Tuesday, July 21, 2009

Death Becomes Him

Really, at the end, there was precious little else for Michael Jackson to do but die.
He had accomplished all he was going to accomplish in this life.
He would not create another monster musical hit; he would not wow the world again with another singular dance move.
Those times were long behind him.

His days of performing live were over.
Sure, he had just announced a series of 50 London concert dates, but one needs no further evidence of his complete disinterest-dread, even-in the whole process than when he tells the gathered throngs, "This is the final curtain call." He appears, not excited as you might expect, but rather reluctantly resigned to an unwelcome fact. Namely, that he needed the money.

By this time, Neverland Ranch is gone. Jackson is living in rented accomodations. He has not released an album of new material since 2001's Invincible. He has settled a lawsuit claiming sex with a child for $20 million. He has been cleared on another similar charge. He has dangled his child from an upper level balcony. The album that turned transformed him into a mega star is nearing 20 years old. But for 50% ownership interest in a massive collection of popular music, it's over. And I believe Jackson himself recognized this, even if his most ardent fans failed, or
refused to.

Ironically, he will not leave much of a musical legacy. For all of his incredible popularity and record sales figures, Jackson never managed to earn himself a prominent place in music history.
His songs are not classics. They garner little radio airplay. The music he made was not groundbreaking. They lyrics he wrote were, ultimately, forgettable.

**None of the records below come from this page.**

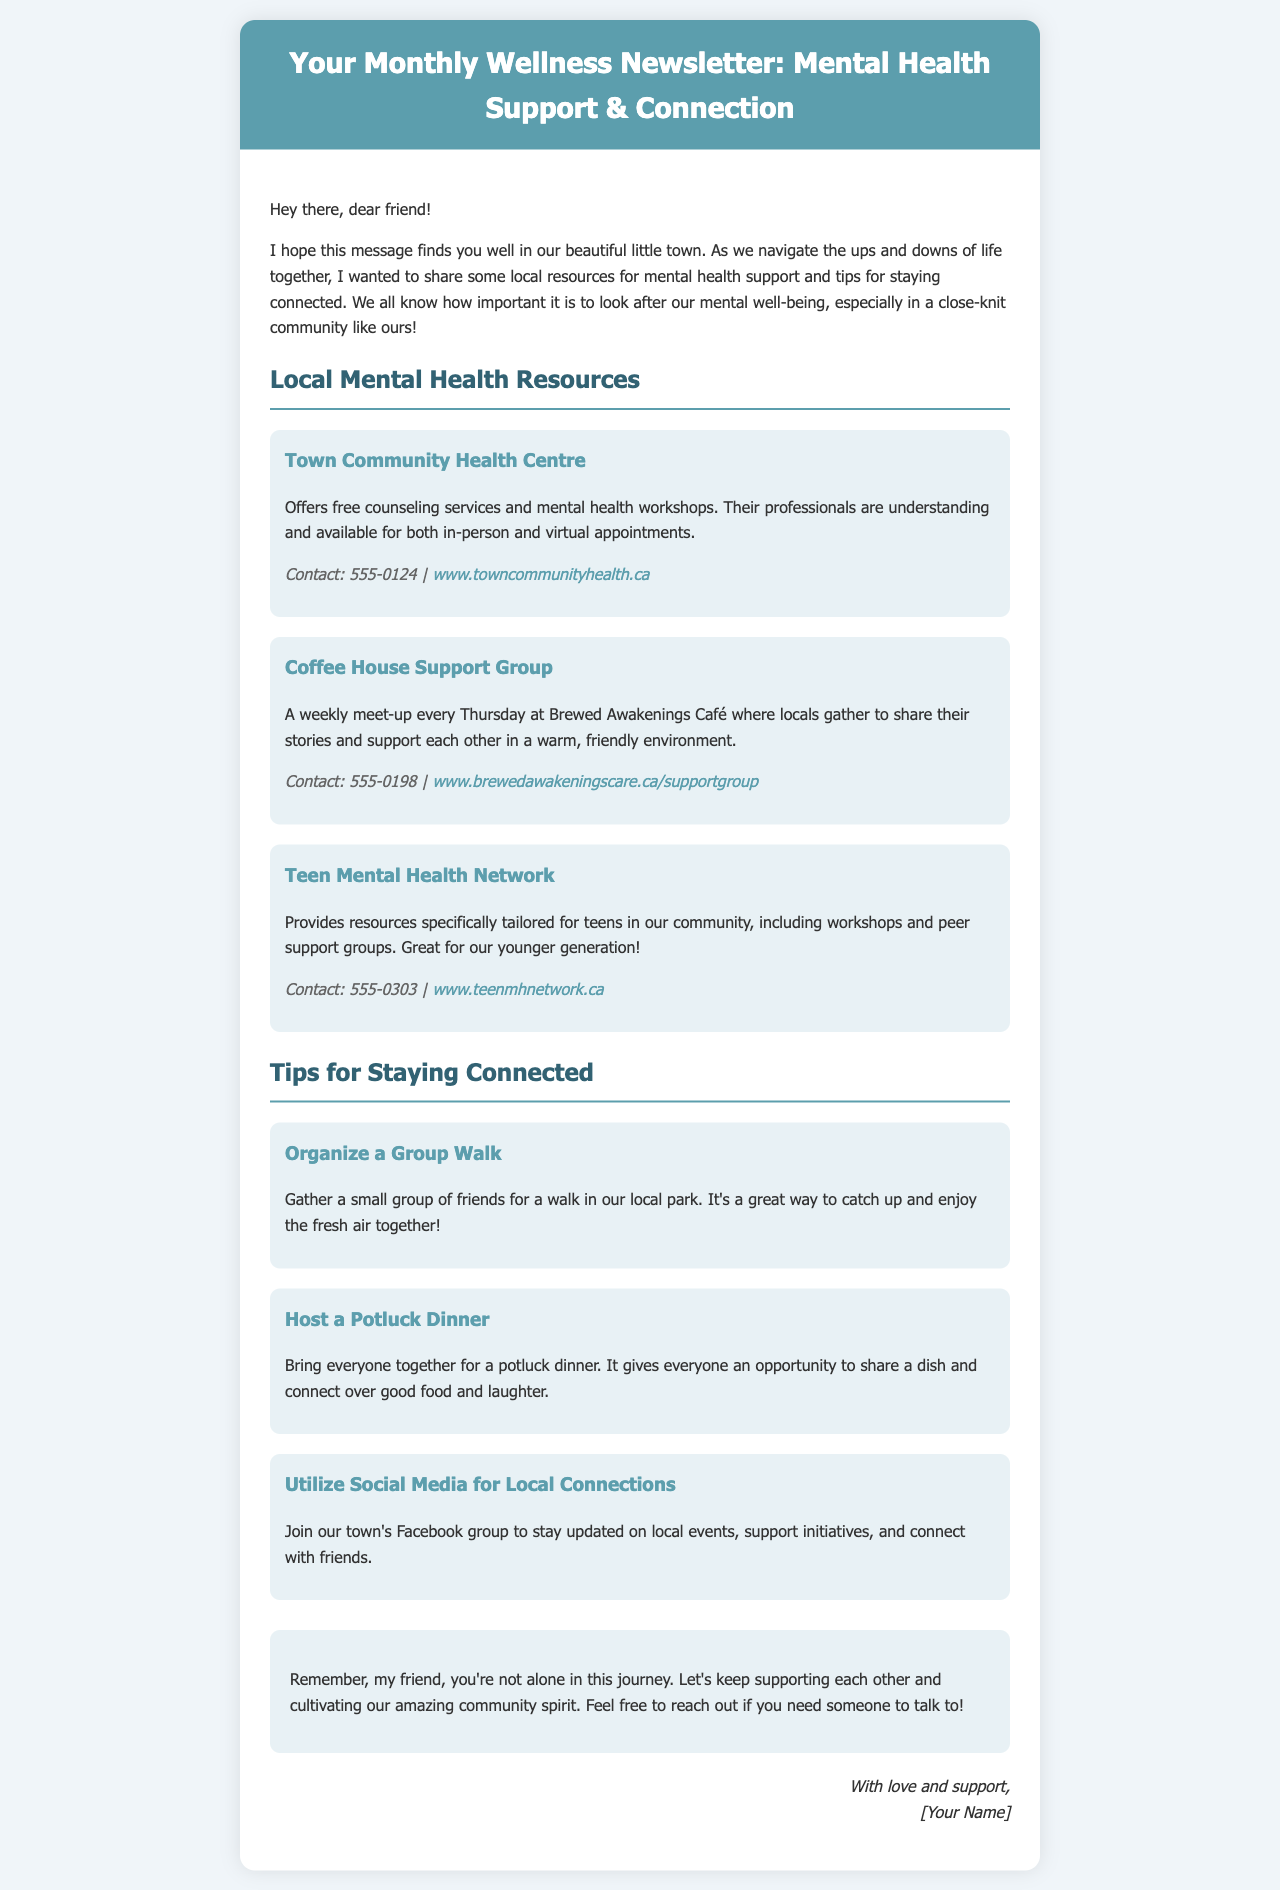what is the title of the newsletter? The title is prominently displayed in the header of the newsletter.
Answer: Your Monthly Wellness Newsletter: Mental Health Support & Connection how often is the newsletter sent? The frequency of the newsletter can be inferred from the title of the document.
Answer: Monthly what is the contact number for the Town Community Health Centre? The contact number is specifically mentioned under the resource section for the Town Community Health Centre.
Answer: 555-0124 what day of the week does the Coffee House Support Group meet? The meeting day is stated within the description of the Coffee House Support Group resource.
Answer: Thursday what is one way to stay connected according to the tips? The tips section includes various suggestions to stay connected, one of them is mentioned clearly.
Answer: Organize a Group Walk how many tips for staying connected are provided in the newsletter? The document lists the number of tips provided under the section for staying connected.
Answer: Three which resource is aimed specifically at teenagers? The document specifies the resource that targets teenagers, as mentioned in the title of the resource.
Answer: Teen Mental Health Network what type of event is suggested for a potluck dinner? The nature of the potluck dinner event is described in the tips section related to hosting gatherings.
Answer: Bring everyone together how does the author sign off in the email? The sign-off is found at the end of the newsletter, indicating the author's closing statement.
Answer: With love and support, [Your Name] 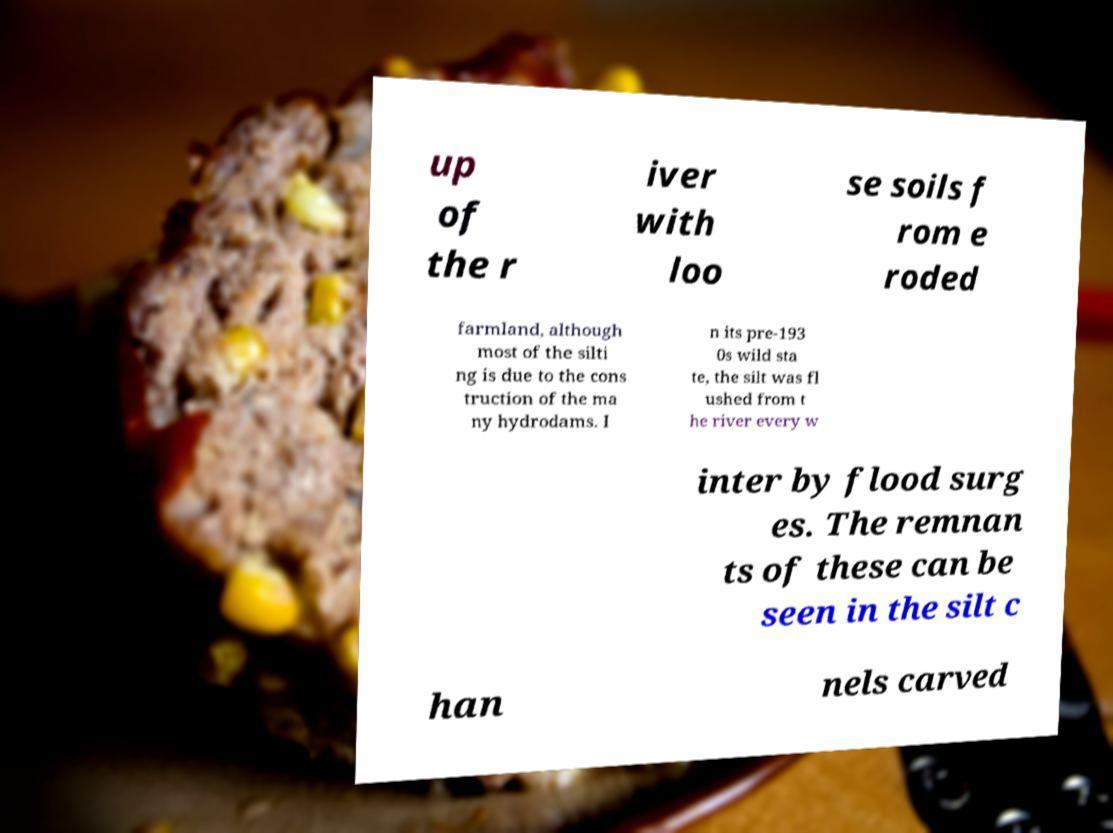I need the written content from this picture converted into text. Can you do that? up of the r iver with loo se soils f rom e roded farmland, although most of the silti ng is due to the cons truction of the ma ny hydrodams. I n its pre-193 0s wild sta te, the silt was fl ushed from t he river every w inter by flood surg es. The remnan ts of these can be seen in the silt c han nels carved 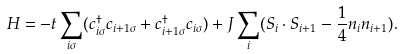Convert formula to latex. <formula><loc_0><loc_0><loc_500><loc_500>H = - t \sum _ { i \sigma } ( c _ { i \sigma } ^ { \dagger } c _ { i + 1 \sigma } + c _ { i + 1 \sigma } ^ { \dagger } c _ { i \sigma } ) + J \sum _ { i } ( { S } _ { i } \cdot { S } _ { i + 1 } - \frac { 1 } { 4 } n _ { i } n _ { i + 1 } ) .</formula> 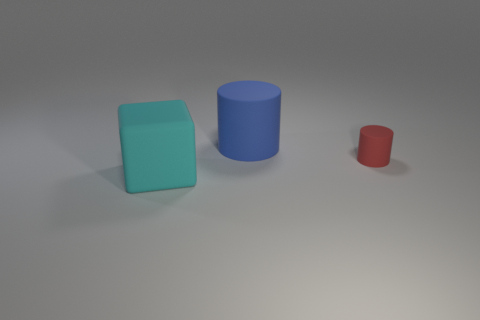Is the shape of the blue matte object the same as the matte thing in front of the red thing?
Your answer should be compact. No. How many objects are matte blocks or gray metal cubes?
Provide a short and direct response. 1. What shape is the matte object that is left of the large rubber object that is behind the rubber cube?
Give a very brief answer. Cube. Do the big matte thing behind the tiny red matte object and the red thing have the same shape?
Offer a very short reply. Yes. The red thing that is made of the same material as the large blue thing is what size?
Your response must be concise. Small. What number of objects are matte things behind the small red cylinder or large matte objects that are right of the cube?
Make the answer very short. 1. Is the number of cyan rubber blocks to the left of the matte block the same as the number of cylinders on the left side of the small rubber thing?
Keep it short and to the point. No. There is a big rubber object that is right of the matte cube; what color is it?
Ensure brevity in your answer.  Blue. There is a small cylinder; does it have the same color as the rubber thing left of the large blue object?
Provide a succinct answer. No. Are there fewer tiny red cylinders than big red rubber blocks?
Make the answer very short. No.

Stranger still for a man who possessed in greater quantities than most genuine musical talent.
He could sing.
His vocal on I'll Be There from his childhood days with the Jackson Five are proof enough of that.
Sadly, after the unprecedented success of Thriller, he would choose to sing no more. Instead, his vocalizations would become more of a series of chirps and hiccups as he attempted to deliver to his audience the product they demanded: a timid, skinny guy breaking bad.
I guess it worked for him.
But, ultimately, that success, that adulation, that fervent following would count for very little.
Other than a steady income stream, it seems only to have served to isolate him.

Blame Thriller.
How to explain the success of the best selling album of all time?
It was the perfect storm. The stars were aligned.
Jackson was already a success. Off The Wall had sold 7 million copies.
But suddenly everything changed.
Thriller appeared at the advent of the music video, courtesy of MTV.
Thriller also appeared at the advent of America's obsession with celebrity.
Jackson was the perfect spectacle: he was talented, mysterious, and strange.
And people could not get enough of him. So he gave them what he could. And at the end, he had nothing left.